As a pilot, I recently passed the 35th anniversary of my first solo flight. With my dad as an instructor, I was flying at a very young age, even before I started my career in mission critical facility infrastructure. That anniversary put me to thinking about the similarities between being a pilot and running a data center.
TechSite uses a 1978 Cessna 310 to travel to our more distant customer’s job sites. When it comes to redundancy, the 310’s design is a lot like that of a high availability data center. It has redundant engines, redundant instruments, and redundant vacuum systems. The 310 even has redundant electrical systems where both alternators normally share the load and the load shifts to the surviving unit should one fail. Sounds a lot like a dual bus, doesn’t it.

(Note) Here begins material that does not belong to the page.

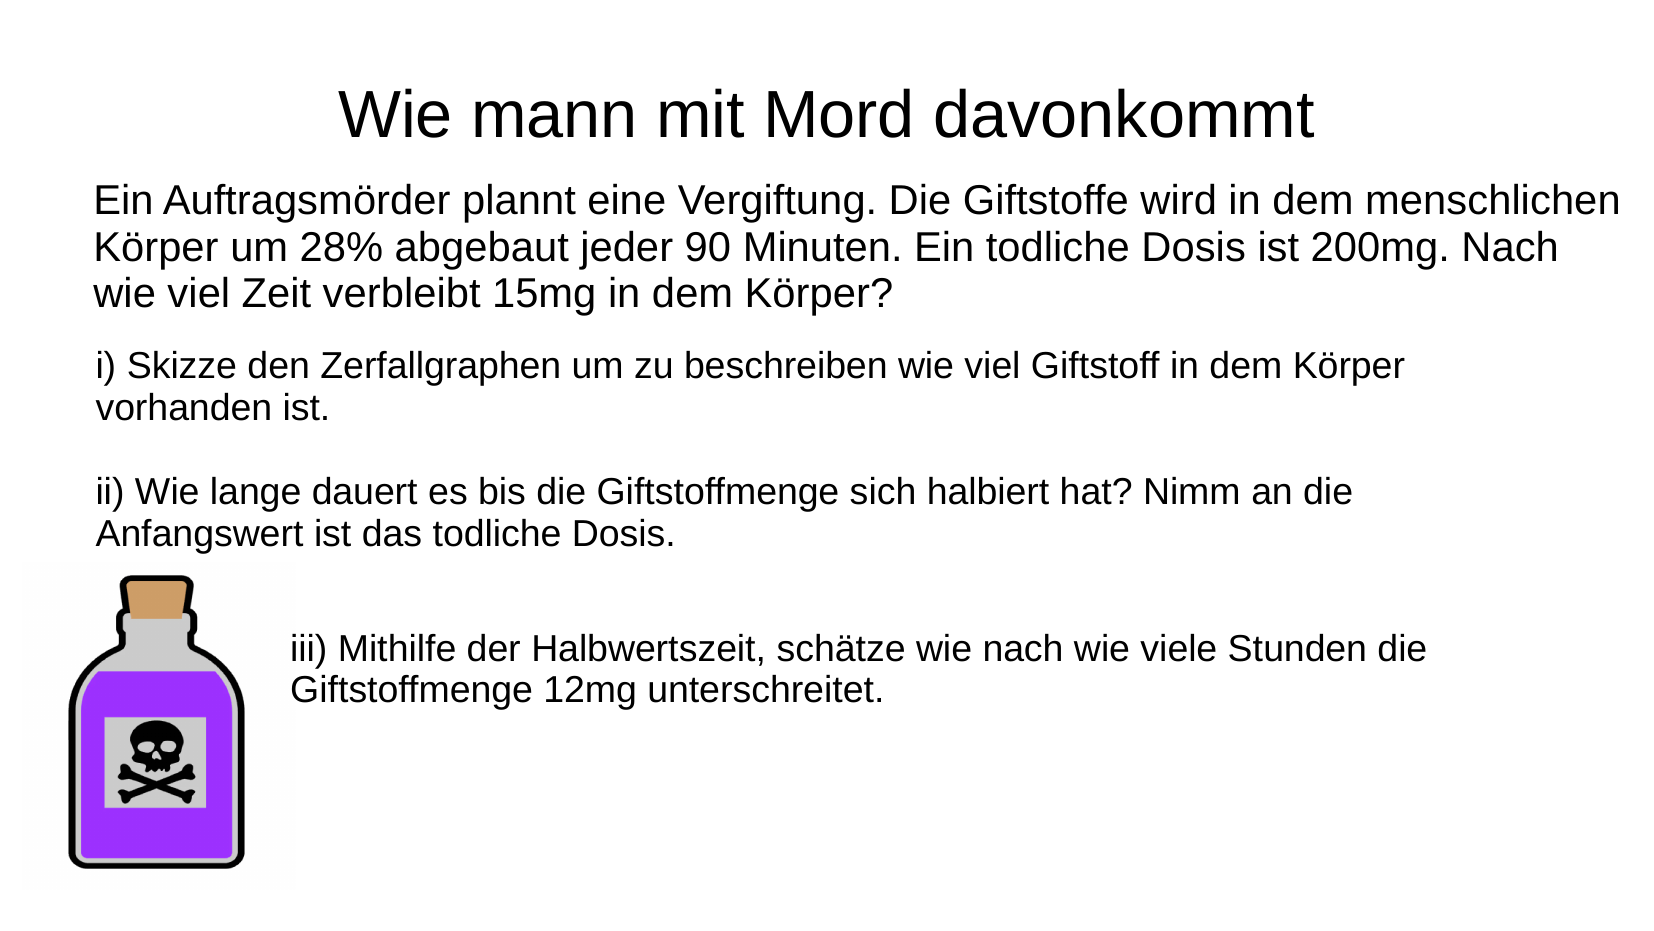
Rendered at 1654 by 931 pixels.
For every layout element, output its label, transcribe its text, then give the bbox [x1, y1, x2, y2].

Every pilot is required to maintain minimum proficiency standards. Pilots must make a minimum of three landings every 90 days, three landings at night every 90 days, and six instrument approaches every six months. My insurance company requires me to have an instrument proficiency check every year where I go up with an instructor, put a hood over my eyes, and fly without looking out the windows.
A pilot must also go up with an instructor once every two years for a Biannual Flight review (BFR). During the BFR, the instructor makes you practice “what if” scenarios. Examples include: What would you do if one of your engines quit on takeoff? What would you do if your radios failed? What would you do if your electrical system failed? What would you do in the event of a fire….? The airplane manufacturers create emergency checklists with immediate action steps that you need to memorize, more in depth check lists you have to keep beside you so that you can refer to them quickly, and complete operating handbooks to read before any emergencies occur.
When was the last time that you practiced your data center proficiency? What would you do if someone accidently pushed the EPO? What would you do if you had a fire in the data center? What would you do if your chiller failed? Could you run your data center if your monitoring system failed? Do you know where your check lists, as-builts, schematics, and operating manuals are located?
Like flying a plane, running a data center requires vigilance and practice to remain proficient. Occasionally you may also need to bring in an “instructor” and run through the drills. The middle of a data center emergency is not the time to figure out that your plane is stalling and you don’t know what to do next.